Beginning with the line that contains "pillow: (-0.049, -0.077, 0.770);", reproduce every line through the end of the records below exactly, and leave the pictures out.
☆ ☆ ☆ ☆ ☆
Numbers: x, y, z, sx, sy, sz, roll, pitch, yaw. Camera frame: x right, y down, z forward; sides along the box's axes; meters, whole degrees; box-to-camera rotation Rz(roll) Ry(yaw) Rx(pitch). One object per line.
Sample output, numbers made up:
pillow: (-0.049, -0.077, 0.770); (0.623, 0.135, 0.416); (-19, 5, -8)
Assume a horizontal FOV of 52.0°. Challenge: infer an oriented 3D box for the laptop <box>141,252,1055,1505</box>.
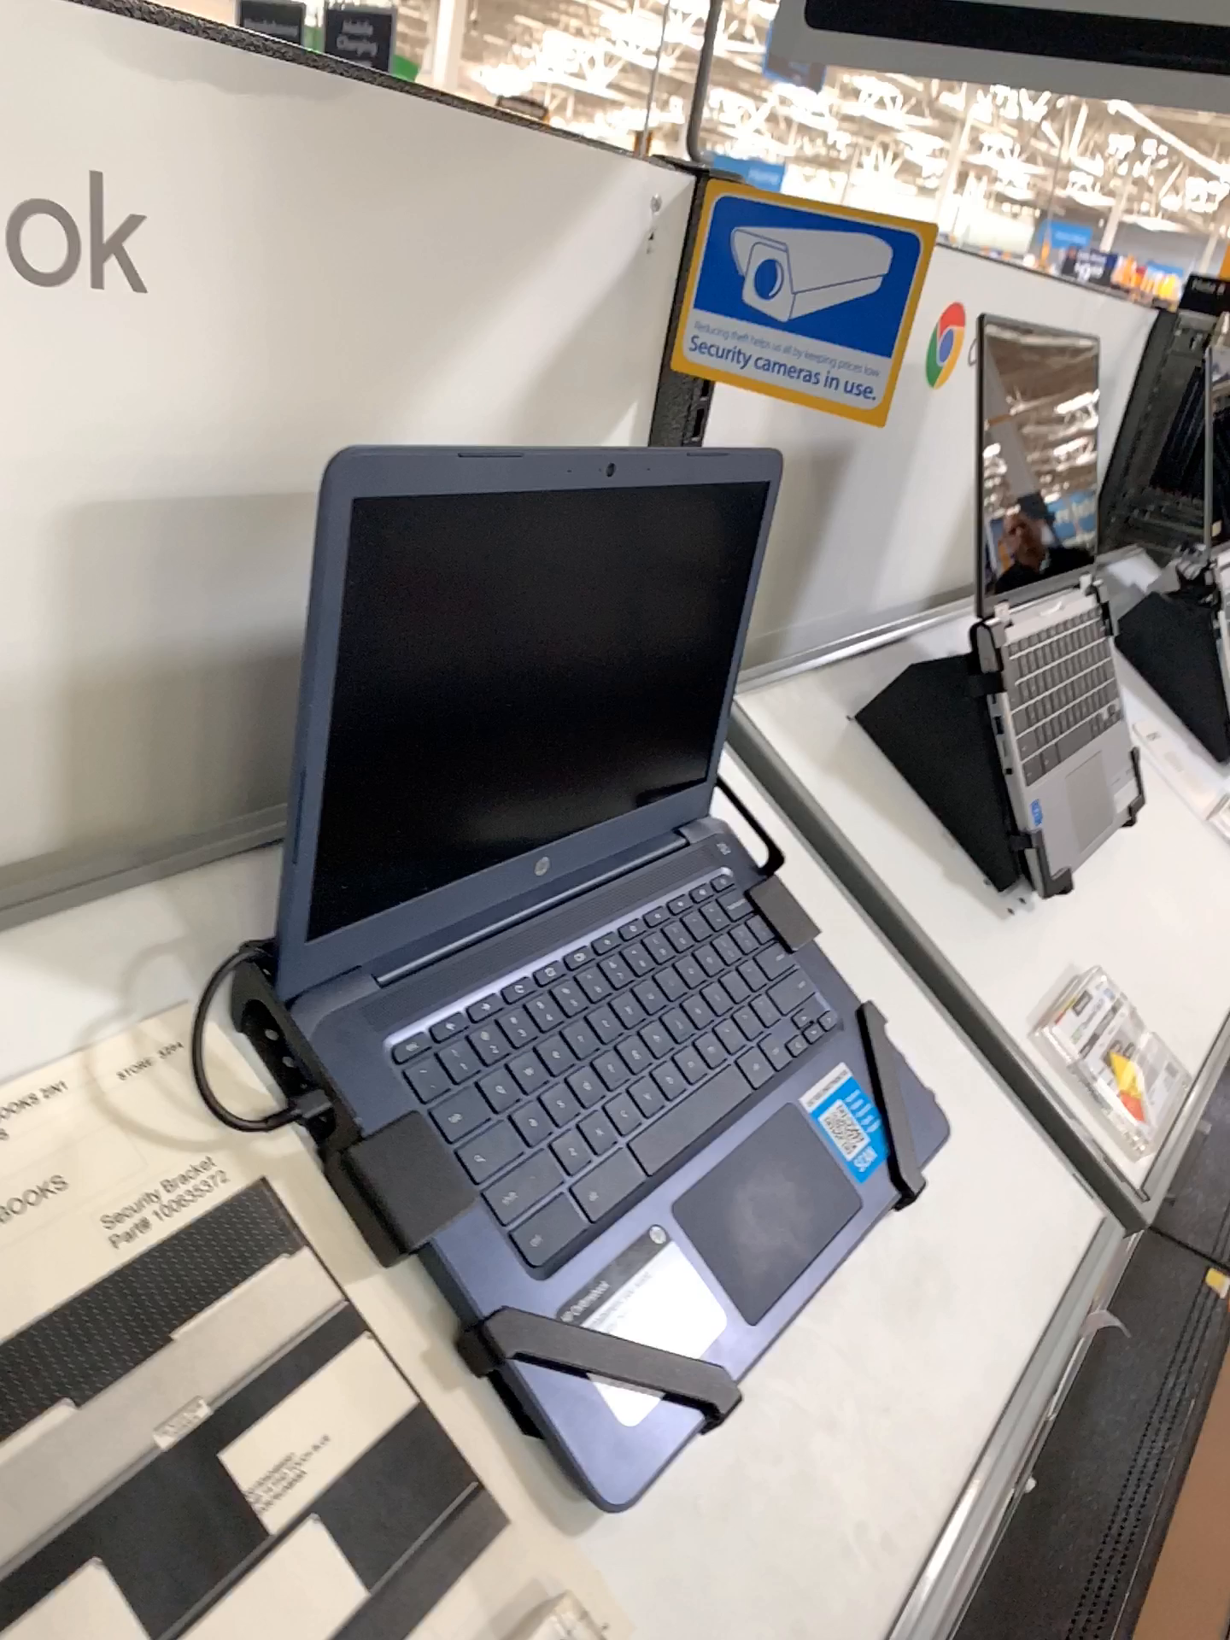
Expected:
laptop: (0.010, -0.016, 0.564); (0.322, 0.189, 0.318); (46, 35, 17)
☆ ☆ ☆ ☆ ☆
Result for this task:
pillow: (-0.049, -0.077, 0.770); (0.623, 0.135, 0.416); (-19, 5, -8)
Assume a horizontal FOV of 52.0°. Challenge: infer an oriented 3D box for the laptop <box>141,252,1055,1505</box>.
Expected:
laptop: (0.010, -0.016, 0.564); (0.322, 0.189, 0.318); (46, 35, 17)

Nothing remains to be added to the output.